6. This blue cheese needs to be salted over a period of 4-5 days with dry salt. It will receive less salt than most of the other blue cheese which results in a slightly milder flavor in the finished cheese.
Weigh out 2.5% of the cheese weight in salt. The final weight of this recipe should approximately be 6.5lbs, therefore the salt required is 2.4oz by weight.
Salt by applying 30% of the salt to the top surface and spread it evenly to the edges and then rub as much as you can into the sides. The sides will get less salt but they will also get treated twice as much. Allow 8 hrs to form its own brine and be absorbed by the cheese. You can then let the cheese rest overnight and turn it the next morning and treat the other side the same as on the first day. On the third day, the remaining salt is split between the two surfaces and the surface will have become hardened by the salt extracting moisture at the surface.
The dry salt will form a brine and be absorbed by the cheese.

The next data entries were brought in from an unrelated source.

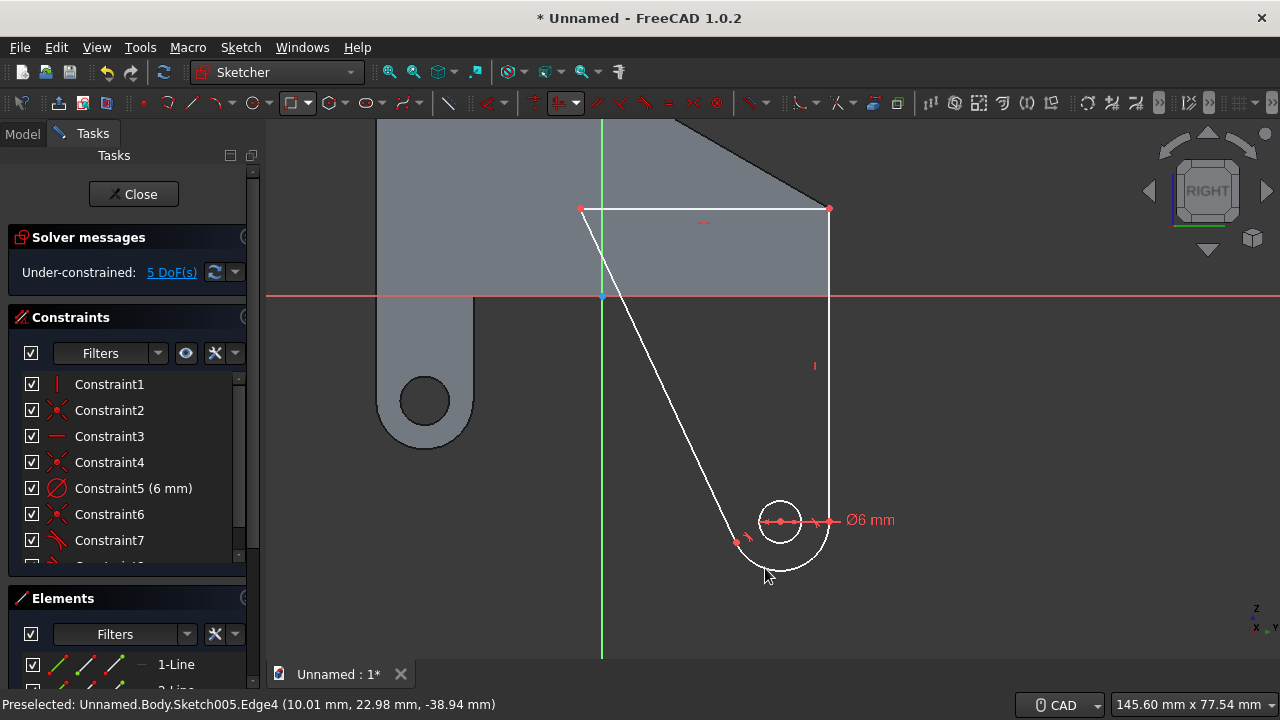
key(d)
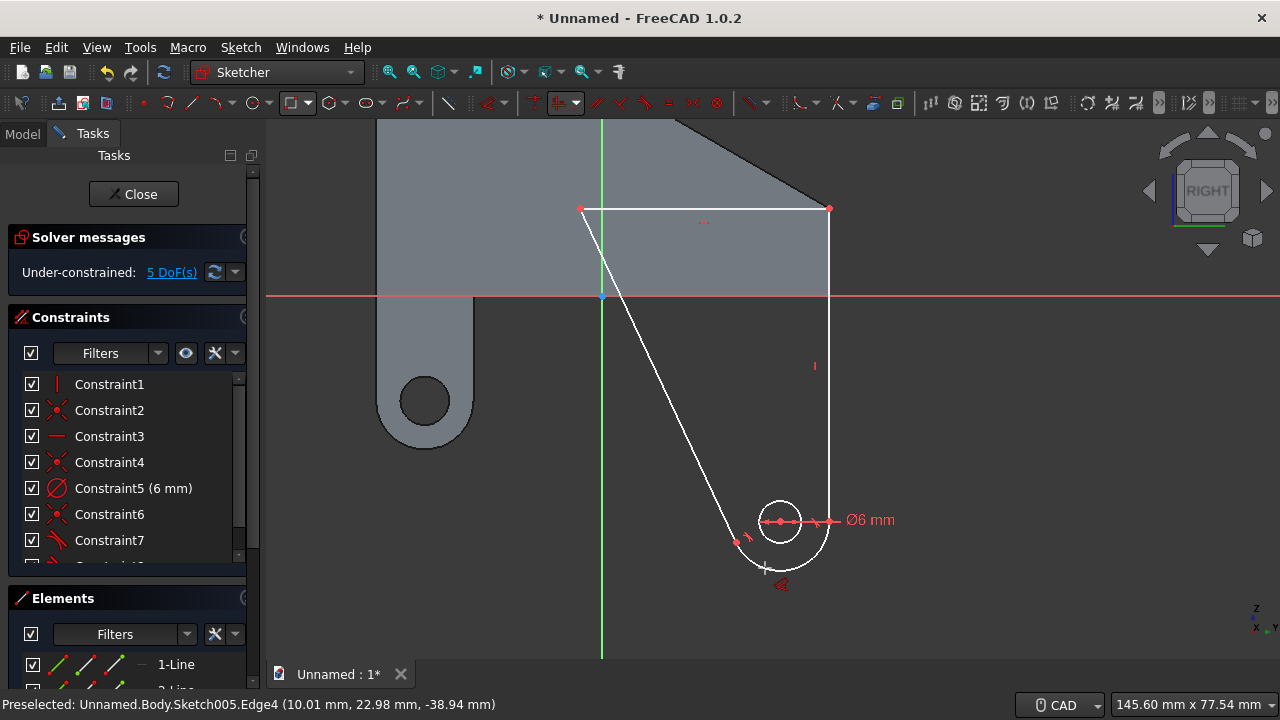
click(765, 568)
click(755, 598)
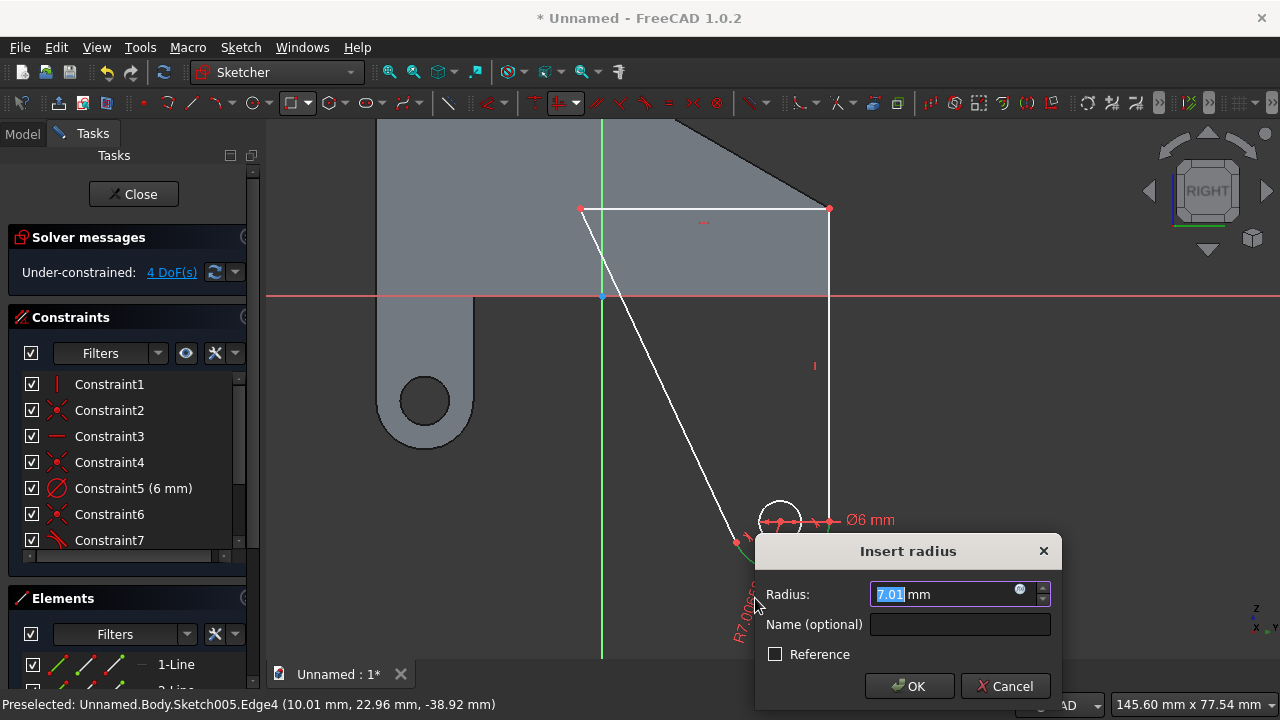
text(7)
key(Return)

For the next week, the surface will soften as the salt penetrates the cheese and interior moisture migrates to the surface.
Be sure to turn the cheese daily and maintain a high moisture of 90-95% and temperature of 46-54F. During this period, the proteins will begin to transform.
7. In around 1 week, the initial protein changed of the cheese will be well underway meaning that it is time to punch holes to aerate the cheese for mold growth. There should be many small openings internally from the care preserving curd structure through the draining process. If there are not any openings, you will only see blue developing in the holes you punch. You can use a skewer to make these holes about 1 inch apart on both the top and bottom surface and extending about 2/3 the way into the cheese.
Once you have made the holes, you will need to turn the cheese daily to even out the air flow. You should see signs of blue mold growing internally and a bit on the surface after around 3 weeks.
If the surface remains too moist, you will see a rose to orange colored surface developing and if less moisture, a slight white drier surface mold will develop.
In a good aging space that is well controlled, the cheese can be stored on their edges for better air flow. You can turn them about a quarter turn every day.
The cheese will be ready in about 60-75 days depending on how you define ready.
It will take a lot of patience to get this cheese right but it will definitely be worth it.